**PROVIDED ENTRIES:**
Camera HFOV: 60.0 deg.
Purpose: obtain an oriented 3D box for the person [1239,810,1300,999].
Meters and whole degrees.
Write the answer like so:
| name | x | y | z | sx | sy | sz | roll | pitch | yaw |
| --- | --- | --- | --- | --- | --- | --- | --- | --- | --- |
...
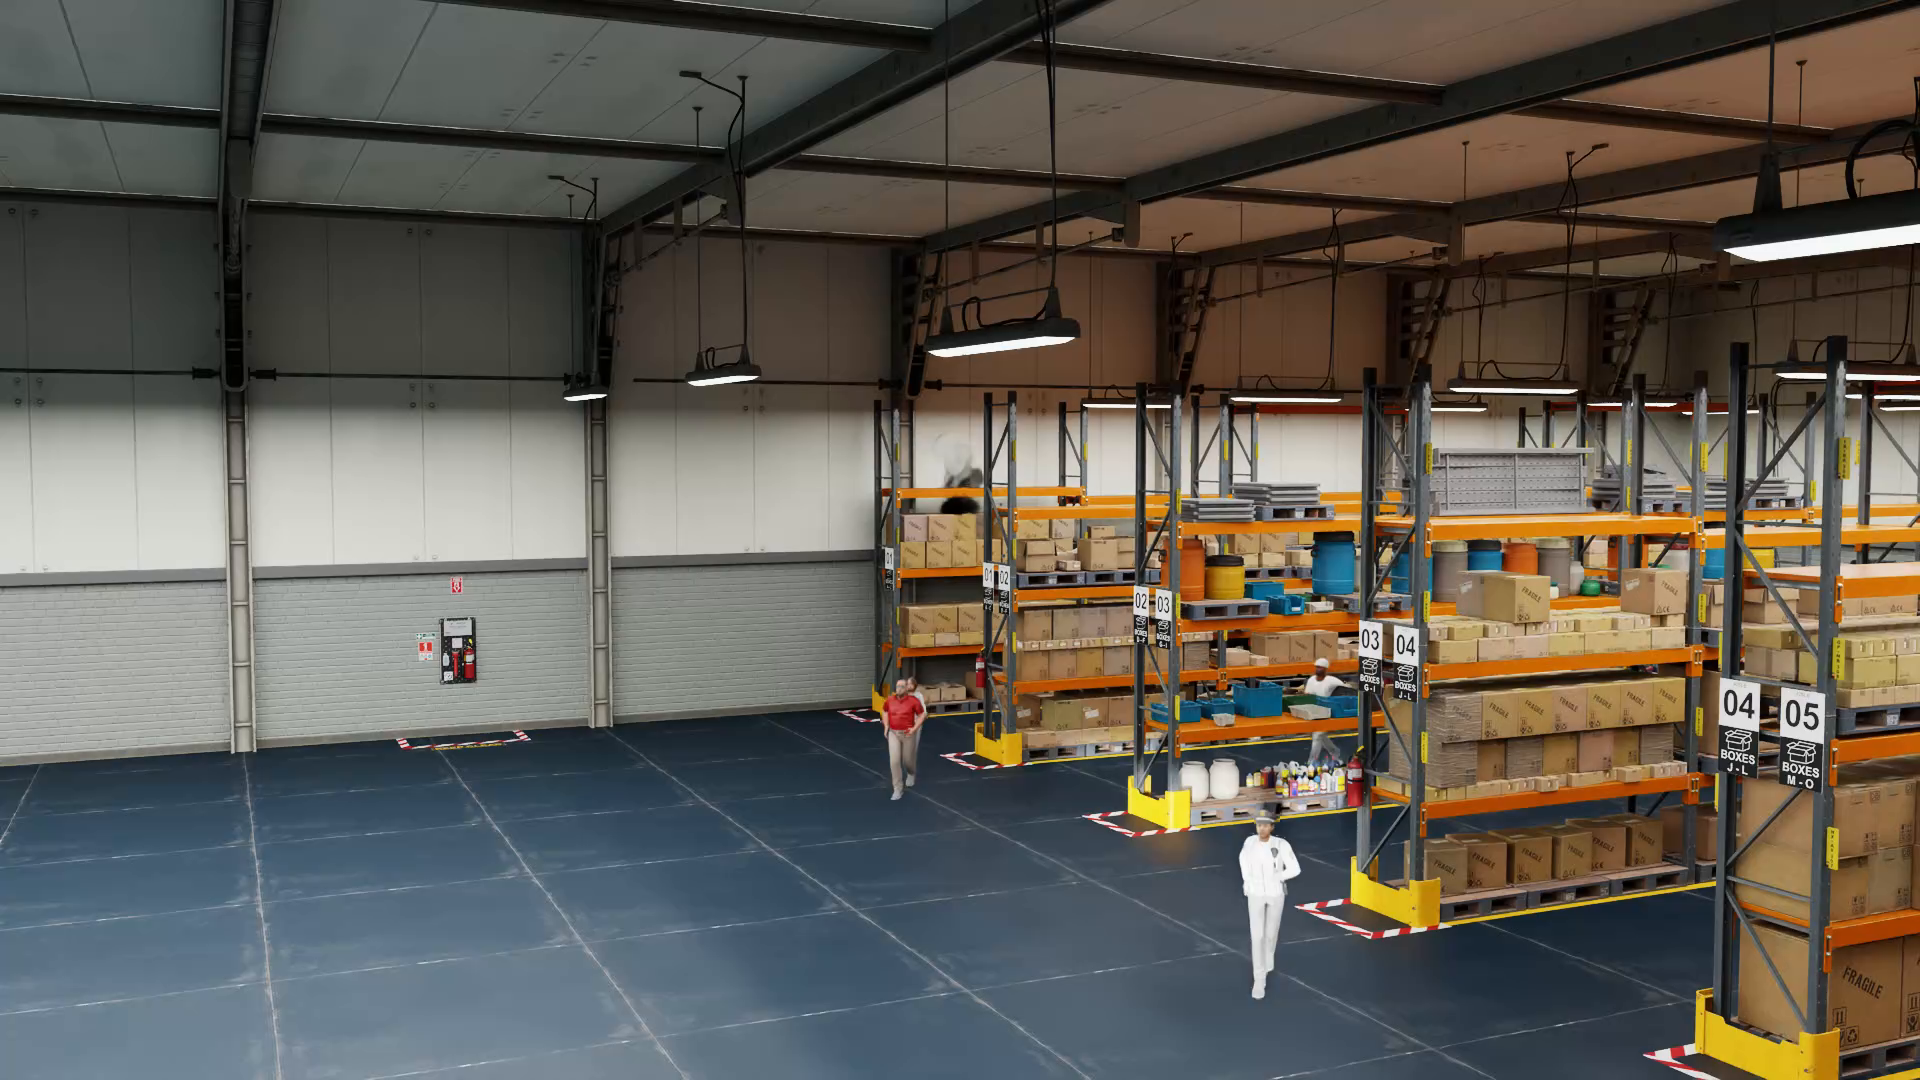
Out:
| name | x | y | z | sx | sy | sz | roll | pitch | yaw |
| --- | --- | --- | --- | --- | --- | --- | --- | --- | --- |
| person | 2.931 | 3.399 | 15.806 | 0.597 | 1.716 | 0.836 | 1 | 3 | 16 |

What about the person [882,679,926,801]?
| name | x | y | z | sx | sy | sz | roll | pitch | yaw |
| --- | --- | --- | --- | --- | --- | --- | --- | --- | --- |
| person | -0.837 | 2.901 | 24.446 | 0.675 | 1.730 | 0.868 | 0 | 3 | 7 |

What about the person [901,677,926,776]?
| name | x | y | z | sx | sy | sz | roll | pitch | yaw |
| --- | --- | --- | --- | --- | --- | --- | --- | --- | --- |
| person | -0.784 | 2.891 | 25.631 | 0.524 | 1.556 | 0.530 | 0 | 3 | 3 |

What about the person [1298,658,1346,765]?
| name | x | y | z | sx | sy | sz | roll | pitch | yaw |
| --- | --- | --- | --- | --- | --- | --- | --- | --- | --- |
| person | 5.644 | 2.736 | 26.083 | 0.962 | 1.771 | 0.679 | -2 | 4 | -32 |
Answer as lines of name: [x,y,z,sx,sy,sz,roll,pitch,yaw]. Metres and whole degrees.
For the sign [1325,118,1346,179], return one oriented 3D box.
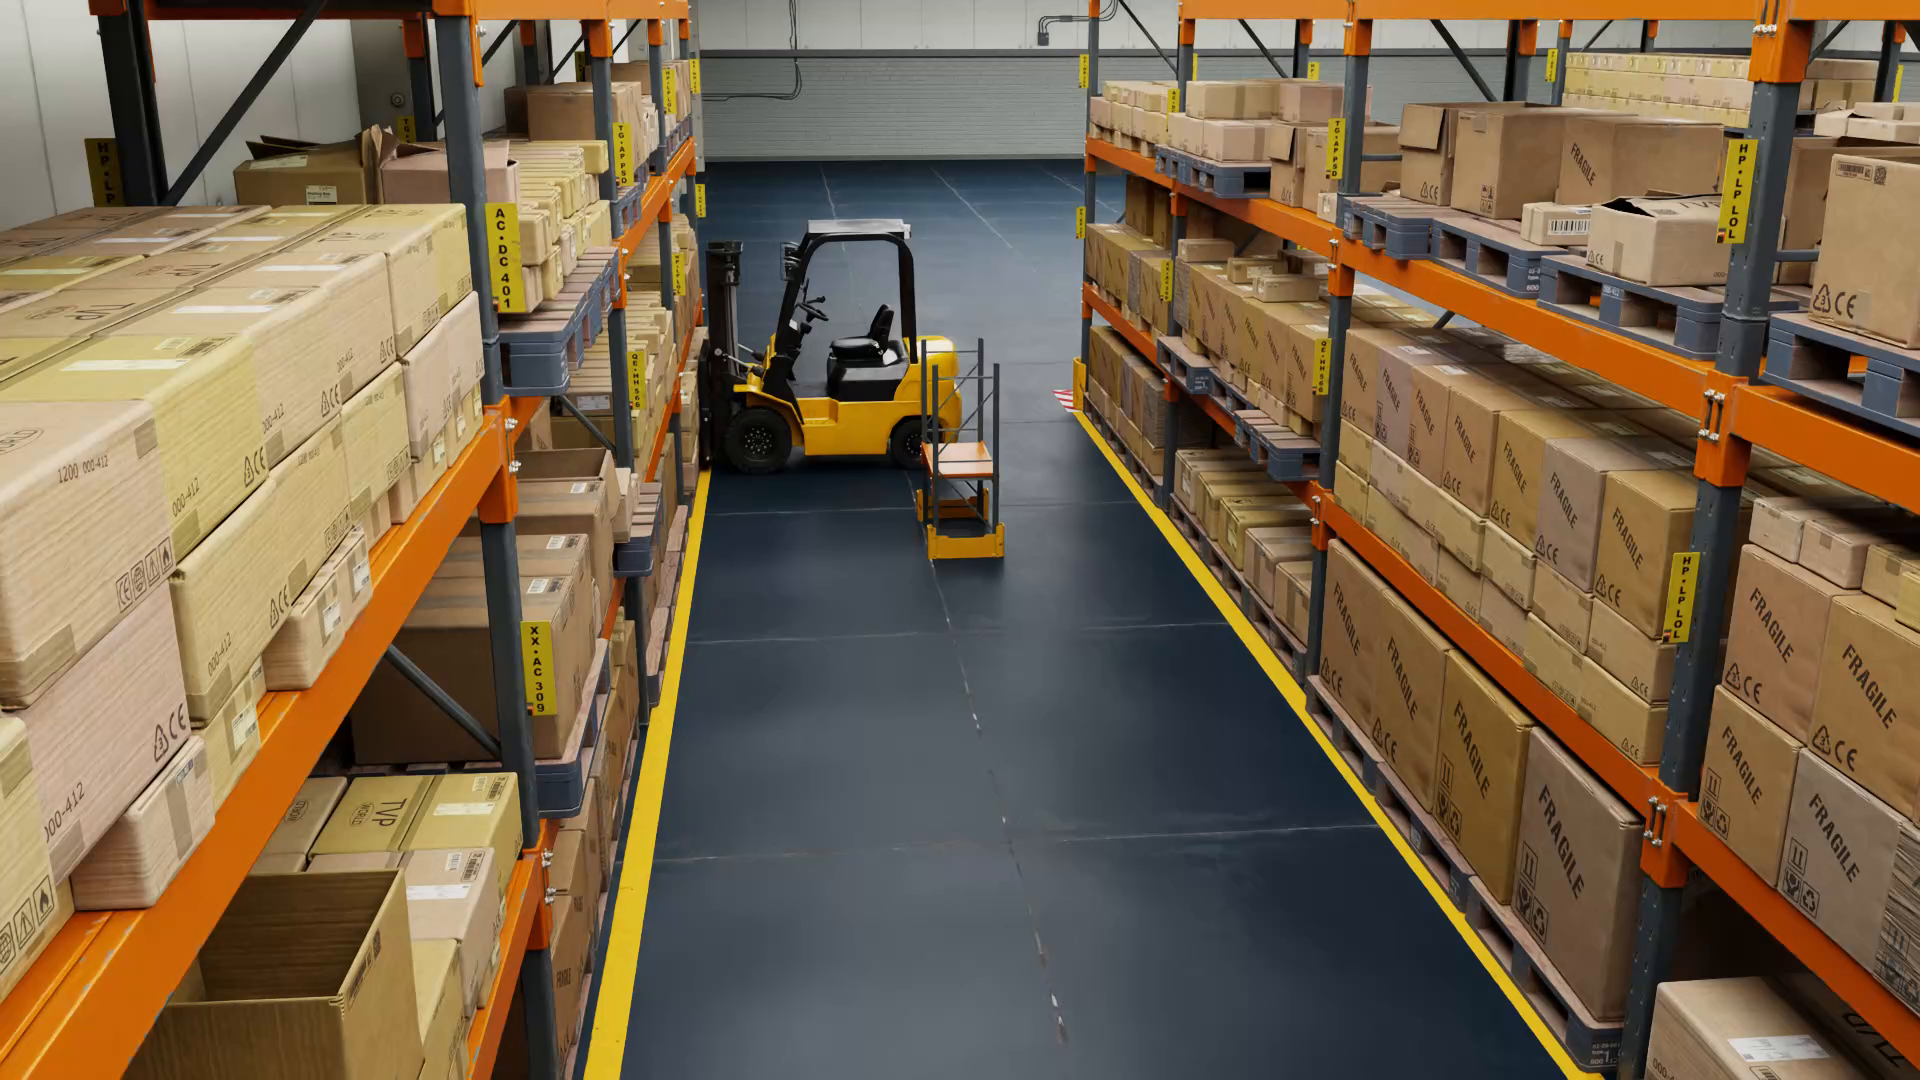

**WHAT THE TASK REQUIRES:** Return every line of the listing exactly, leaving its pictures behind.

**SOLVED EXERCISE:**
Camera HFOV: 60.0 deg.
Purpose: obtain an oriented 3D box for the person [1239,810,1300,999].
Meters and whole degrees.
Write the answer like so:
| name | x | y | z | sx | sy | sz | roll | pitch | yaw |
| --- | --- | --- | --- | --- | --- | --- | --- | --- | --- |
...
Out:
| name | x | y | z | sx | sy | sz | roll | pitch | yaw |
| --- | --- | --- | --- | --- | --- | --- | --- | --- | --- |
| person | 2.931 | 3.399 | 15.806 | 0.597 | 1.716 | 0.836 | 1 | 3 | 16 |

What about the person [882,679,926,801]?
| name | x | y | z | sx | sy | sz | roll | pitch | yaw |
| --- | --- | --- | --- | --- | --- | --- | --- | --- | --- |
| person | -0.837 | 2.901 | 24.446 | 0.675 | 1.730 | 0.868 | 0 | 3 | 7 |

What about the person [901,677,926,776]?
| name | x | y | z | sx | sy | sz | roll | pitch | yaw |
| --- | --- | --- | --- | --- | --- | --- | --- | --- | --- |
| person | -0.784 | 2.891 | 25.631 | 0.524 | 1.556 | 0.530 | 0 | 3 | 3 |

What about the person [1298,658,1346,765]?
| name | x | y | z | sx | sy | sz | roll | pitch | yaw |
| --- | --- | --- | --- | --- | --- | --- | --- | --- | --- |
| person | 5.644 | 2.736 | 26.083 | 0.962 | 1.771 | 0.679 | -2 | 4 | -32 |
Answer as lines of name: [x,y,z,sx,sy,sz,roll,pitch,yaw]. Metres and whole degrees.
For the sign [1325,118,1346,179], return one oriented 3D box.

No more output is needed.